Wed Aug 28 11:58:46 CEST 2002

> Speaking of which, why not remove this feature of Erlang (that a remote
call
> calls the latest version of loaded code) and instead introduce a special
update
> call like:
>  enter_latest foo(...) ?
>
>
> Except in the shell who uses this feature?
> If you want to write an application that really supports upgrades you have
think this
> through and design with it in mind from the beginning anyway.
>
> Removing this feature would do wonders to the possibilities of
optimization...

I'm being a month late in replying, but this is a hobby horse of mine and
YES, permitting optimization across module boundaries helps quite a bit.
Here's why, for those who are interested but not experts.

Basically, a compiler does better the more code it has to work with, and it
seems to me that in the case of Erlang, you need to cross module boundaries
to get enough context. At least my own experience (e.g., EUC'01) shows this
very clearly.

Here is an example of what can be done. Type analysis is an optimization
that permits simplification of primitive operations. When applicable, it
yields excellent speedups for Erlang-style languages (Prolog, Lisp, ...).

For example, take element(N,X). If nothing is known, the VM must check:

- that X is a tuple of size K
- that N is an integer in the range 1 =< N =< K
- finally, select the appropriate word from the heap and return it.

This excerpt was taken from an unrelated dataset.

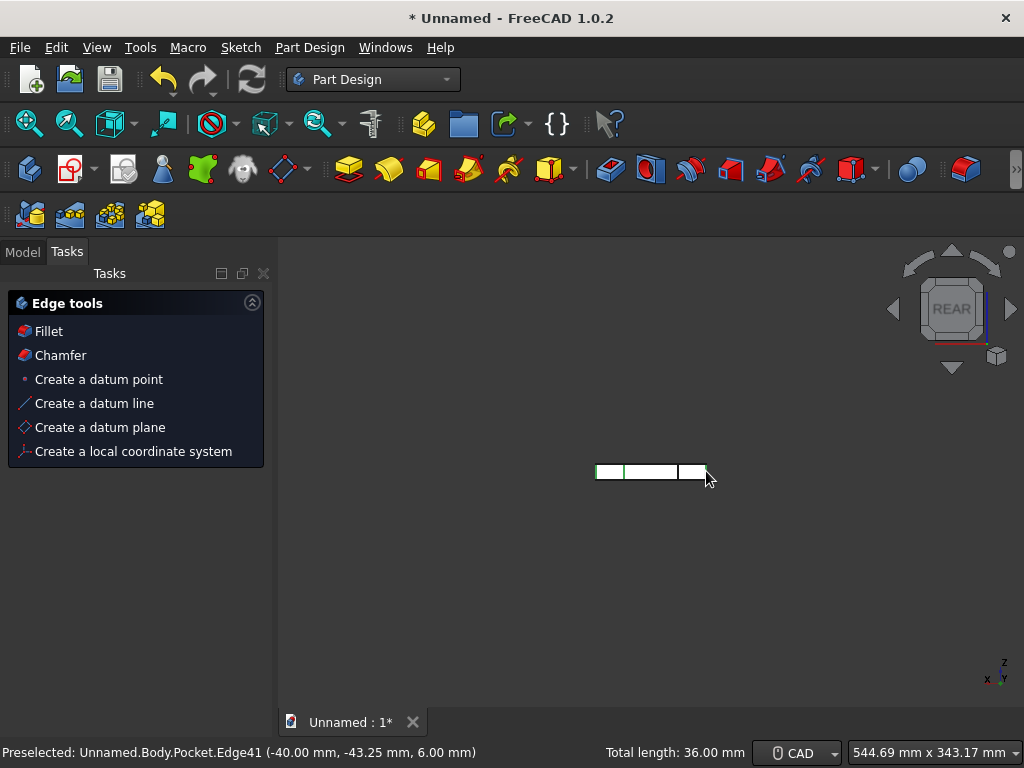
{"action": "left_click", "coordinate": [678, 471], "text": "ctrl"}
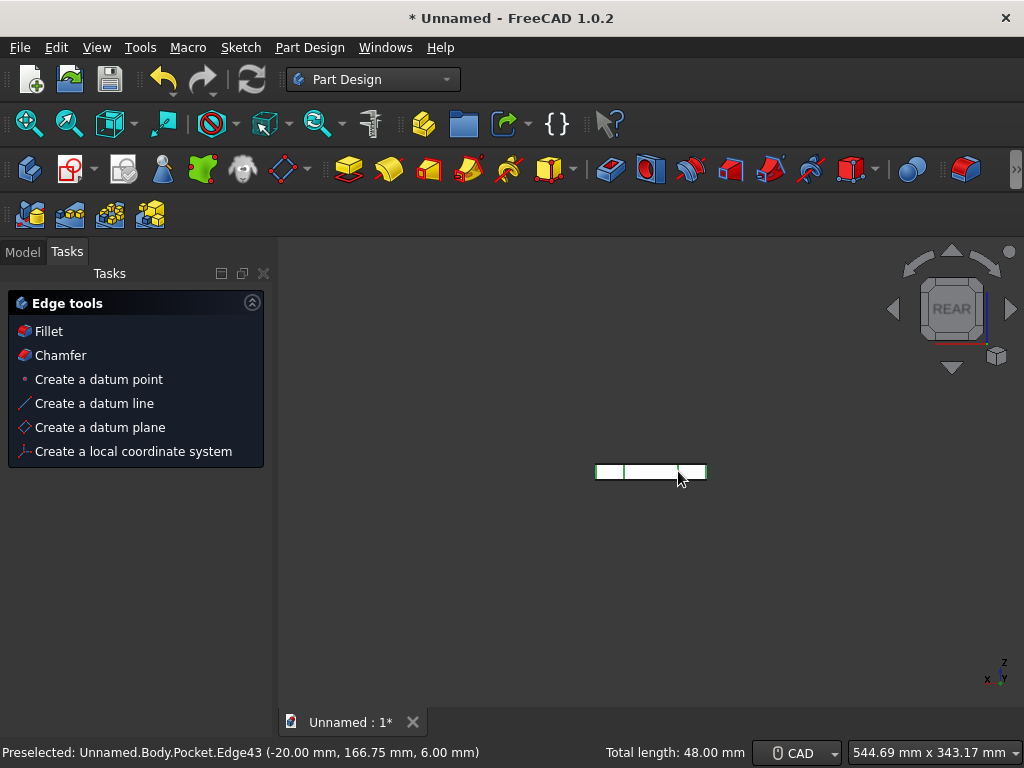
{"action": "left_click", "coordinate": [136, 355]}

The same kind of tests are done in most BIFs. Often, the code is wrapped in
a C function as well, yielding extra overhead for parameter passing. It
makes you gnash your teeth to see it.

Now assume the analyzer finds that N is a small integer and X is a tuple of
known arity.
A native-code optimizer can then remove the tests, reducing the element/2
call to a single load. This is good, but there's more: the important but
somewhat subtle issue that the compiler can ALSO be more aggressive in
inlining primitives (rather than doing C function calls) if it doesn't have
to lay out lots of code for the failure cases. Even if the failure code is
never executed, it requires more compile-time, reduces the effectiveness of
optimizations and messes up the I-cache.

I duly did an experiment with type analysis of Erlang several years ago
(1997?) and found that PER-MODULE analysis of real code, meaning OTP, is
largely useless for this purpose[*]. I furthermore believe this is the case
for most real code, since modules are used to structure programs into
reusable chunks as well as provide the unit for code loading. Thus,
cross-module analysis and optimization are "on the roadmap" for high
performance, at least in my book.

What to do? A compiler can enable cross-module optimization, say with the
transparent module aggregation method I described at EUC'01, AND/OR we can
provide some mechanism for programmers to group modules on the language
level. Perhaps Richard's hierarchical name spaces, or some suitably modified
version thereof, could be drafted for this purpose?

Depending on how such an extension is done, we may also have to fix records,
since record names often are reused and the scope of a record declaration is
somewhat ad hoc.

Best,
Thomas

[*] What does this mean? The analyzer kept a single version of each
function, and normally found that nearly all functions could be called with
'anything' for every function argument, i.e., no information. This is
equivalent to saying that you could just analyze each function locally,
which normally yields few opportunities for type-based optimization.
(Another alternative to cross-module analysis is for the analyzer to keep
multiple versions of functions; eminently possible, but there is no
consensus on how to do this well, AFAIK, nor do we know how well it works.)